The Legacy of Arne Duncan, Common Core and So Much More: College (Part 2)

As noted in my last post, outgoing Secretary of Education Arne Duncan has done his part to transform America through K-12 education.  This has happened through Common Core and by expanding the Department’s reach into younger and older cohorts.  Duncan got the promise for an additional $1 billion for preschool education.  As the Chronicle of Higher Education noted, Duncan is also leaving a “big imprint” on higher education.  His legacy is one of “innovation and regulation.”  College is put into a seamless web of K-16, or P-20, with an unprecedented federal role in admissions, placement, assessment, and financing.

The Chronicle notes that Duncan has deviated from the standard practice of Democratic secretaries who have just doled out money.  He has been “personally upbraid[ing] colleges over rising prices and low graduation rates, their handling of cases of sexual assault, their lax academic standards for athletes . . . , and their resistance to greater oversight.” Patricia McGuire, president of Trinity Washington University, has become disillusioned with Duncan’s “top-down approach.” Institutions, like Yale University, get nervous about the Department’s investigations of “sexually hostile environments.”

The nonprofits, like the Lumina Foundation, that have been funding Common Core, however, give a positive assessment. Jamie Merisotis, President and Chief Executive, praises Duncan’s “strong leadership” in putting our higher-education system “a step closer to reflecting the needs of today’s increasingly diverse college students — and the changing meaning of ‘college’ to include all types of postsecondary learning.”  Competency-based programs that “measure learning” through demonstration of a skill set are among his many “innovations.”  Inside Higher Education calls it “new delivery model with the potential to improve degree completion, reduce costs to students, and improve transparency and alignment of learning outcomes to the needs of employers and society.”

Currently, over 600 colleges are designing, creating, or already have competency-based education programs. This number has grown from 52 last year. As with Common Core, it is being funded by the Bill and Melinda Gates Foundation, with “guidance” from the U.S. Department of Education.

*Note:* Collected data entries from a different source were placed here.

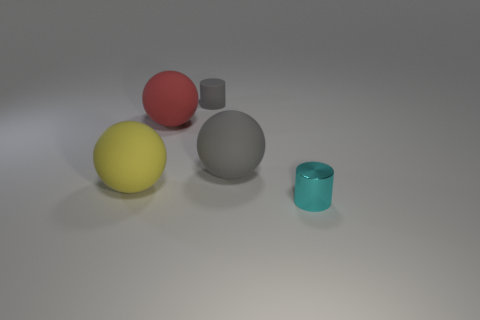Add 1 tiny gray rubber things. How many objects exist? 6 Subtract all balls. How many objects are left? 2 Subtract 0 brown blocks. How many objects are left? 5 Subtract all small green balls. Subtract all small cyan shiny objects. How many objects are left? 4 Add 5 gray matte cylinders. How many gray matte cylinders are left? 6 Add 4 small shiny cylinders. How many small shiny cylinders exist? 5 
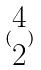Convert formula to latex. <formula><loc_0><loc_0><loc_500><loc_500>( \begin{matrix} 4 \\ 2 \end{matrix} )</formula> 
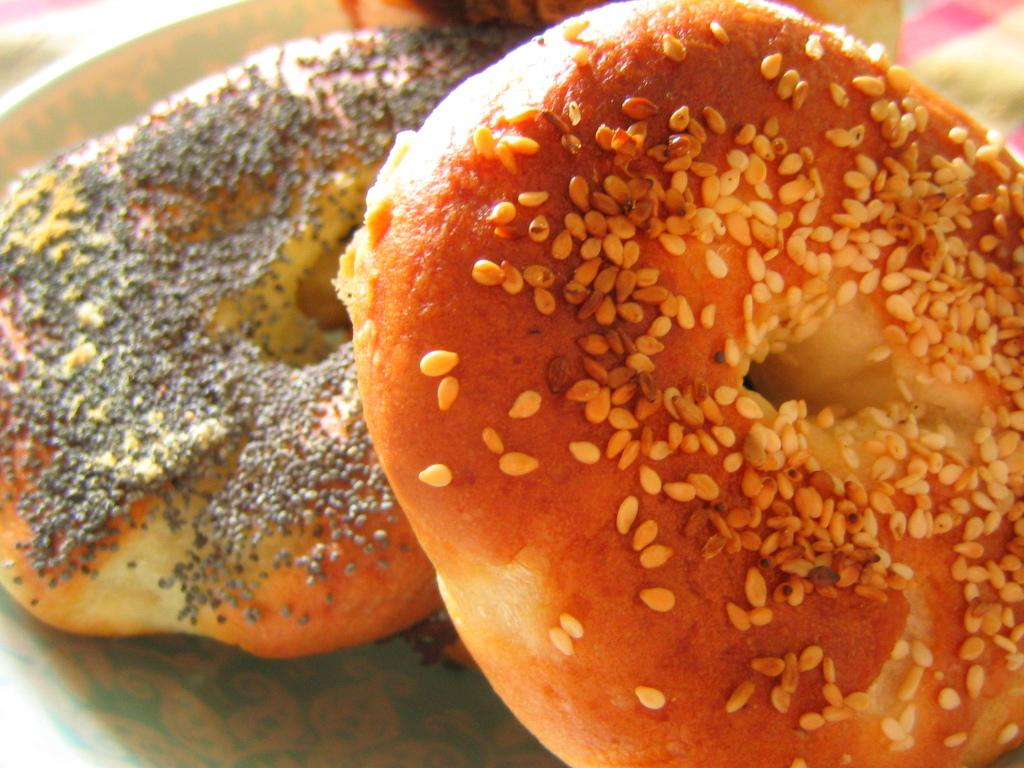What type of food item is visible in the image? There is a food item in the image, and it looks like a doughnut. What type of salt can be seen sprinkled on the doughnut in the image? There is no salt visible on the doughnut in the image. What type of flock is flying around the doughnut in the image? There is no flock present in the image. What type of pipe is connected to the doughnut in the image? There is no pipe connected to the doughnut in the image.

The notion of “competency” changes the fundamental notion of education, taking it from learning for its own sake, with a knowledgeable, independent citizenry as an outcome, to producing workers with skill sets.  Colleges that have agreed to align financial aid to such tests have ceded their own power.

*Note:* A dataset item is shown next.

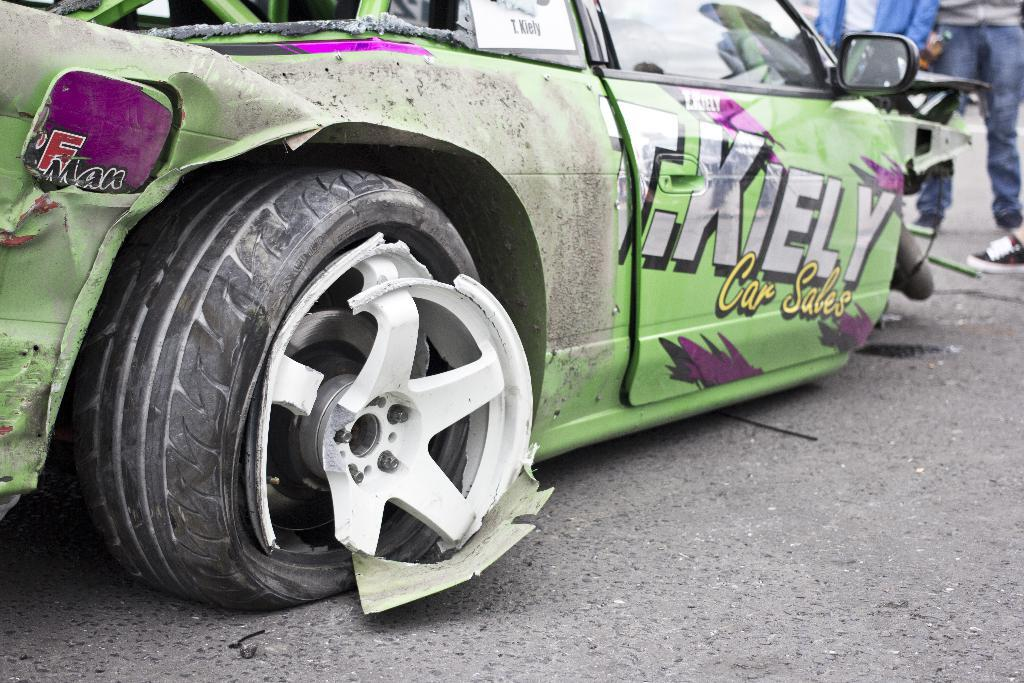What is the main subject of the image? The main subject of the image is a car on the road. Can you describe the person in the image? There is a person standing on the right side of the road. What is the condition of the car's tire in the image? The rim of the tire on the left side of the car is broken. What type of seed is being planted by the governor on the rail in the image? There is no governor, seed, or rail present in the image. 
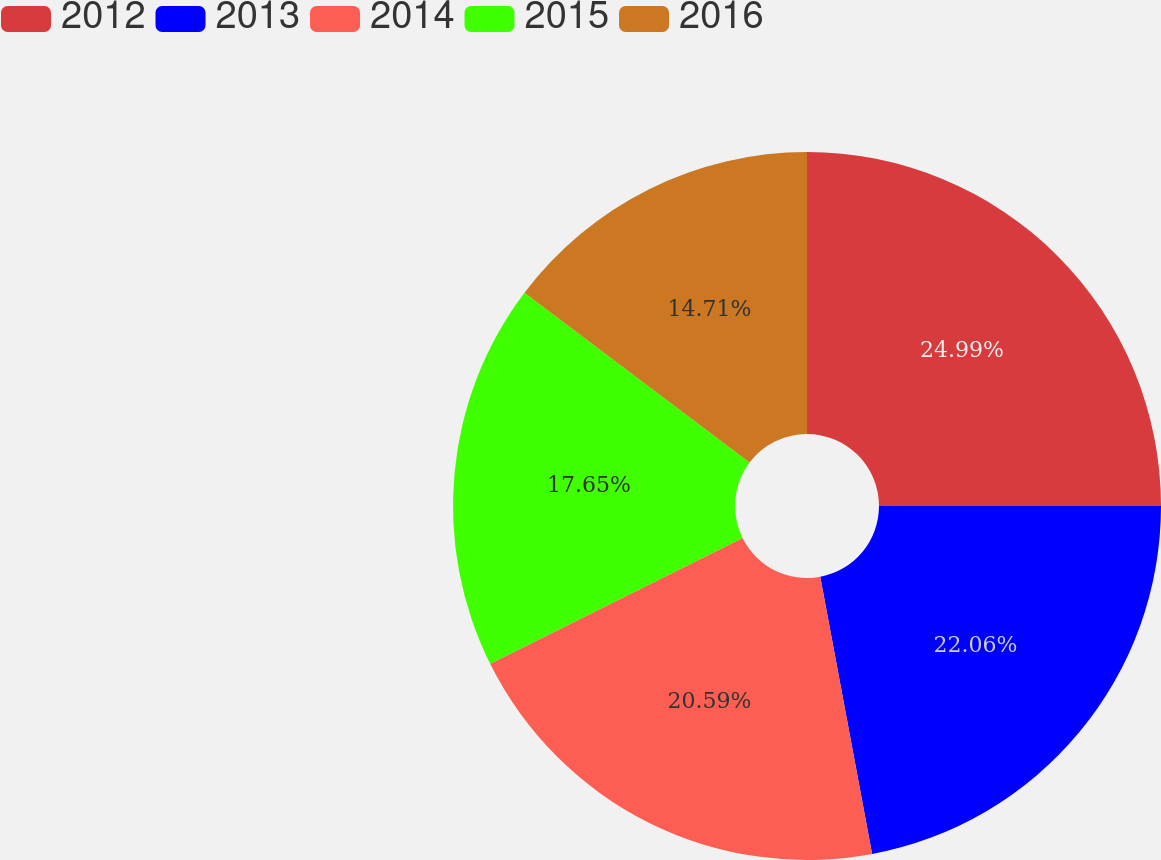Convert chart to OTSL. <chart><loc_0><loc_0><loc_500><loc_500><pie_chart><fcel>2012<fcel>2013<fcel>2014<fcel>2015<fcel>2016<nl><fcel>25.0%<fcel>22.06%<fcel>20.59%<fcel>17.65%<fcel>14.71%<nl></chart>

Funny, Arne Duncan, when he spoke at the 2013 meeting of the American Education Research Association (AERA) and promised a “sea-change” in assessments for K-12 students, included “competency-based education,” as well as “non-cognitive skills.”  Others at that AERA meeting of academics and researchers working at universities, federal and state agencies, school systems, test companies, and non-profit agencies were Linda Darling-Hammond, who oversaw the development of the SBAC (Smarter Balanced Assessment Consortium) tests, one of the two Common Core tests, and her close colleague, Bill Ayers.

Many colleges are following the Department of Education in emphasizing non-cognitive, “social and emotional learning” skills.  Seventeen colleges have received funds from the Department’s “First in the World” grants to identify and help at-risk students through the aid of a tool called Diagnostic Assessment and Achievement of College Skills to measure such emotional attributes as “grit.”

Colleges have been targeted strategically.  Jacqueline King, director of Higher Collaboration at SBAC, has been working to “create greater academic alignment between K-12 and higher education.”  Common Core tests are determining placement in college courses.  In 2014, college faculty in Tennessee attended workshops to learn how to “synch up with Common Core,” in effect to teach grade 13.

I reported that the Department of Education had funded the 2013 working paper, “The Common Core State Standards: Implications for Community Colleges and Student Preparedness for College.”   It described the “Core to College” program in ten states: Colorado, Florida, Hawaii, Indiana, Kentucky, Louisiana, Massachusetts, North Carolina, Oregon, and Washington.  Core to College is funded by the Lumina, the William and Flora Hewlett, the Bill and Melinda Gates, and other foundations.  Their report, “Making Good on the College-Ready Promise and Higher Education Engagement Core to College Alignment Director Convening, August 1-2, 2012,” provides a record of discussions by “alignment directors” and guest speakers on teaching “a new type of student, more prepared for college-level, discipline-specific work.”  (As a former college instructor I am skeptical: having “more prepared” students meant an easier time in teaching them—not the need for special workshops.)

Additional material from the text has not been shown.